Still, she said, the opportunities for advancement were there. "I personally have not felt like my gender has held me back," Nakamura said. "I feel very fortunate to have found a balance I'm proud of."
The demands of long hours coupled with the time-sensitive nature of the client work can often deter talented individuals who can't or won't work a full-time schedule.
Flex-time schedules have helped somewhat to retain women, and now firms are realizing that it's not just women who are looking for an alternative to 80-hour work weeks. Members of the younger generations, for the most part, require schedule flexibility.
But flex-time is still being negotiated within firms, and there seems to be some disagreement on its usefulness.
Fifty-seven percent of firms (responding managing partners or human resources directors) surveyed in the ICPAS report rated them as highly effective. But when women from those same firms were asked their opinions on the programs, 45 percent rated them as only moderately effective.
"It's not uncommon for the organization to say it's flexible and then the individuals say I'm not experiencing that in the same way," said Karol Rose, chief knowledge officer at FlexPaths, a woman-owned company providing technology to help companies incorporate flex-time into their workplaces. According to FlexPaths, 79 percent of employees in general are seeking greater flexibility, 87 percent of full-time professionals look for it in a new job, 47 percent of Baby Boomers said that they would delay retirement if they could flex their hours, and 85 percent of employees under the age of 30 expect it.
"You can have policies in the books but that doesn't mean it's used," Rose said. "In many organizations there might be a stigma attached to you if you choose to work less than full-time"
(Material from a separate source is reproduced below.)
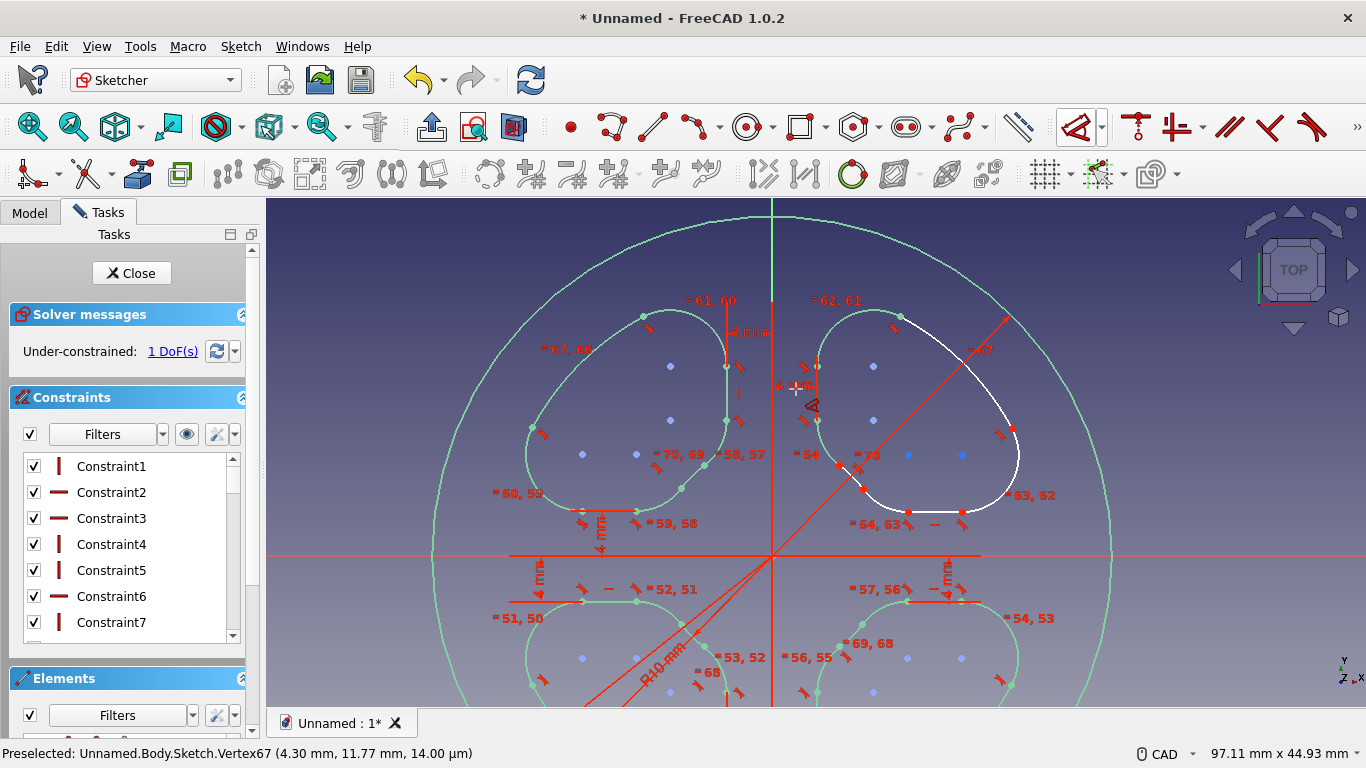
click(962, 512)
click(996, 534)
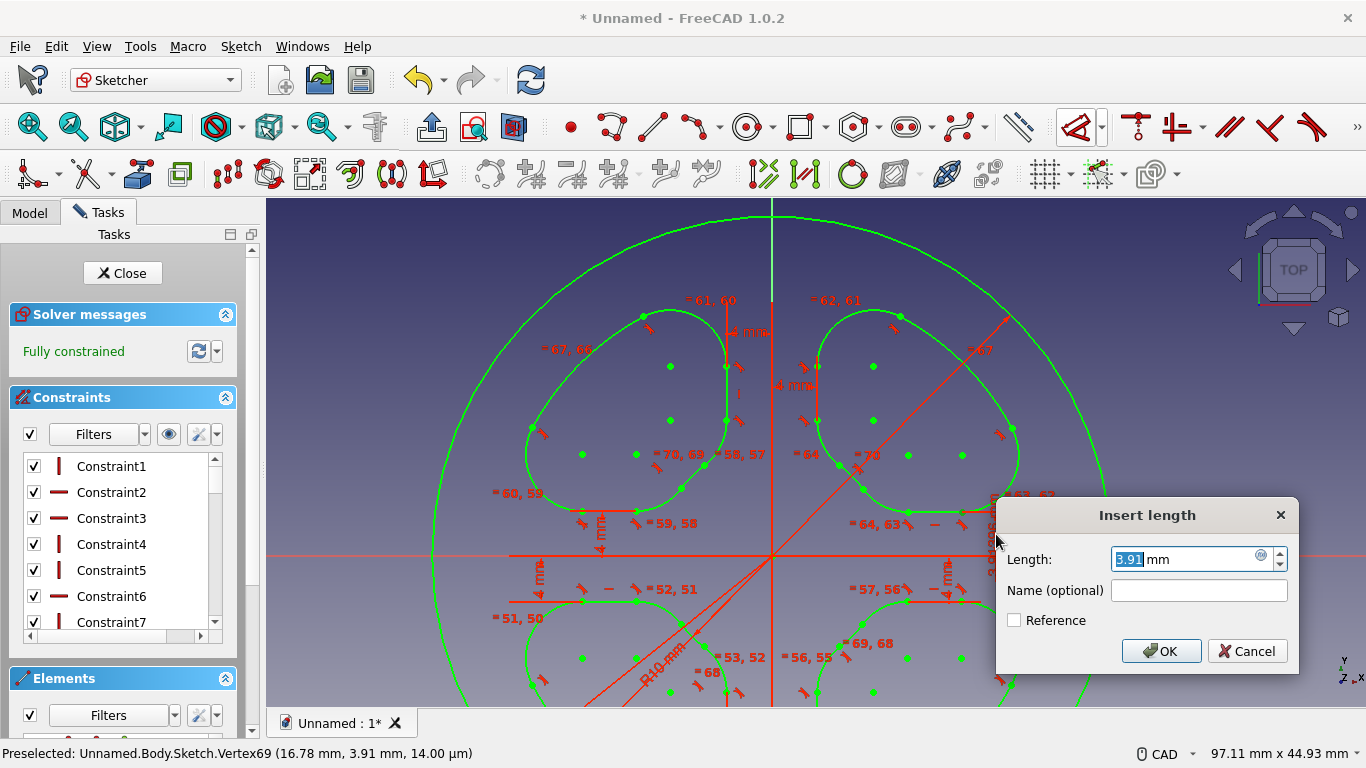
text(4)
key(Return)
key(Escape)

Meanwhile, the economic downturn seems to have given women in accounting more choice and a chance to shop around for better opportunities.
"I have had more conversations with women who are gainfully employed in public accounting firms in the last three or four months than in the last two or three years," reported Geremy Cepin, director of PDI Global Executive Search in Chicago. "[These women] are evaluating their current positions and seeing what else is out there."